The characteristics of modelling include equality, linearity, compatibility, substitutability, comparability, measurability, and the closed system. When the model of equality, linearity, compatibility, substitutability and comparability was attempted on life, it failed, because human life is dynamic and due to its complexity, cannot be closed or measured. The ignorant thought, that if human life couldn’t be modelled, then humans themselves must be modelled—for example, through moral behaviour, psychology exploring ignorance, or fashion influencing clothing. Religious power modelled human life and humans themselves to strip them of their sacredness, self-determination, and self-consciousness that he/she is the One and Only image and identity. 

The goal of depriving humanity of universality was also to validate the correctness of the model, as seen, for example, in the dictatorial communist social model developed by the backstage power in 1848, known as the Communist Manifesto.

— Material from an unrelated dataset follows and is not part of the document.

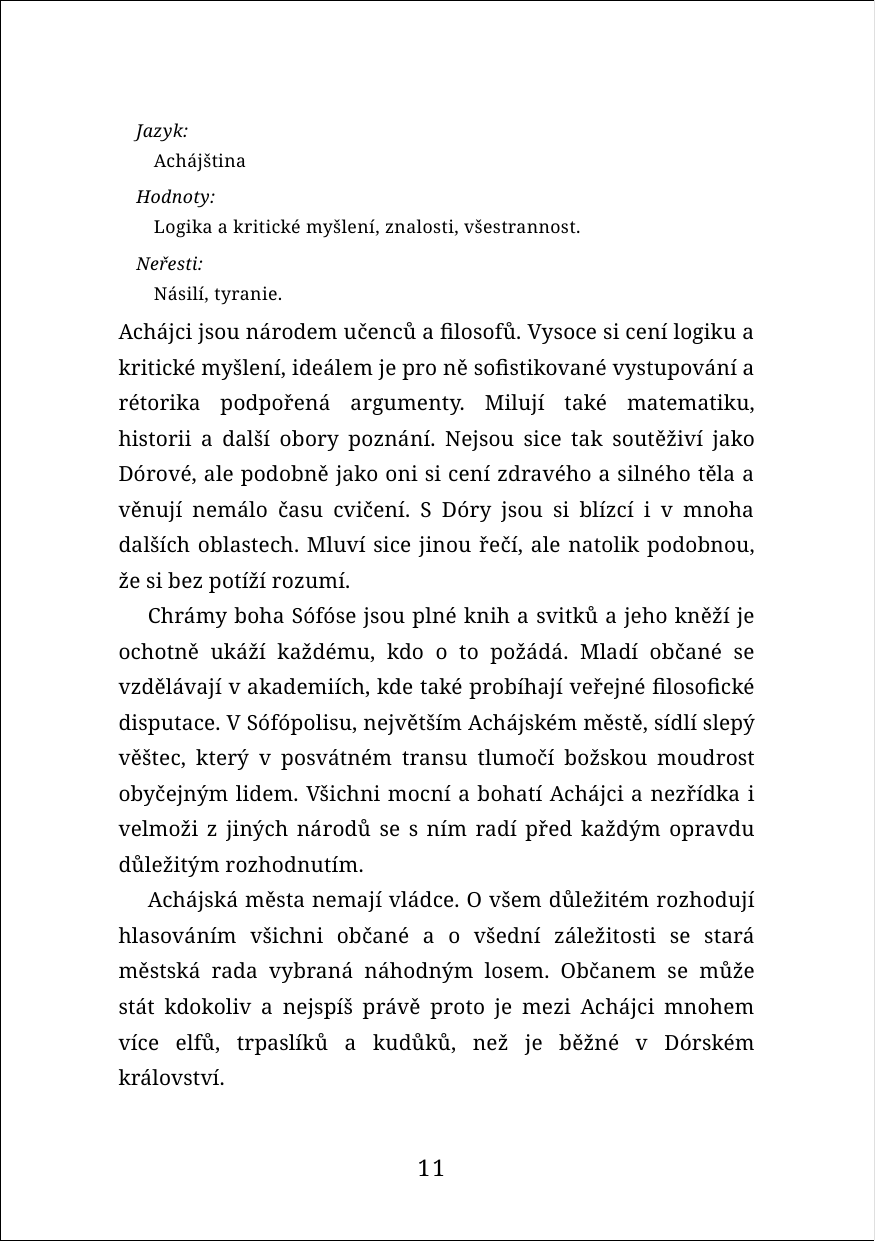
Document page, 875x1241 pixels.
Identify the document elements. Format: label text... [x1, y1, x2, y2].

Since the sacred human is part of the created reality, they cannot model themselves, they can only look in the mirror. Another feature of modelling is measurability and the closed system. If something cannot be measured, meaning it has no scale, it cannot be modelled. This is why the open, dynamic, ever-changing order cannot be modelled. Modelling assumes there is a reference point, therefore, modelling and quantitative statistics are closely related. Since our world is in constant motion and change, it can only be theoretically assumed that there exists a fixed starting point, such as the time of creation. Just as time has not stopped since creation, neither have changes. Then how can we model something that is in constant movement and change? Closed-system models are unsuitable for understanding dual reality, dynamic, open order, life, and humanity, but we still continue to force them. 

Beyond acquiring knowledge, the essence of modelling also lies in exercising power and fulfilling the desire for possession. It is no coincidence that the “function” of the body, mind, and soul were also attempted to be modelled. Those in power need the model and statistics to create the false reality, which they can sustain with various propaganda and marketing tools to justify their own truth. The false reality always shows only one side of dual pairs, the particular (partial). Through the model-man, power made them believe they are the centre of the world and that everything revolves around them. In the modelling of humanity, religious power first created the modern slave, a phenomenon we have witnessed from the 15th century to the present day. Then in the second stage, power is creating the robot-human, a process on-going today. 

The robot is the one-time-use model-human, no longer a sacred human, but a replaceable, executable, reprogrammable module or part in the machinery of religious power. The characteristic of our modern, accelerated world is thinking in terms of replaceable modules, and humans are not excluded from this. Think as example the exchangeable leaders in multinational companies or star football players. The focus is on the operability of the administrative apparatus. The ignorant rulers not only modelled the individual human but also human communities, creating social and community models, followed by the legal, economic, and political systems ensuring their operability, which they labelled capitalist, socialist, and democratic social models. In religion, the model is called Catholic, Protestant, Lutheran, etc. Similarly, we have educational and training models, moral, individual, and social behaviour models, financial and economic models, etc. Due to our ignorance, we model practically everything and build up constantly changing systems. In nature, there are no models or systems, because there is order. Modelling is unsuitable for recognizing the only one universal reality.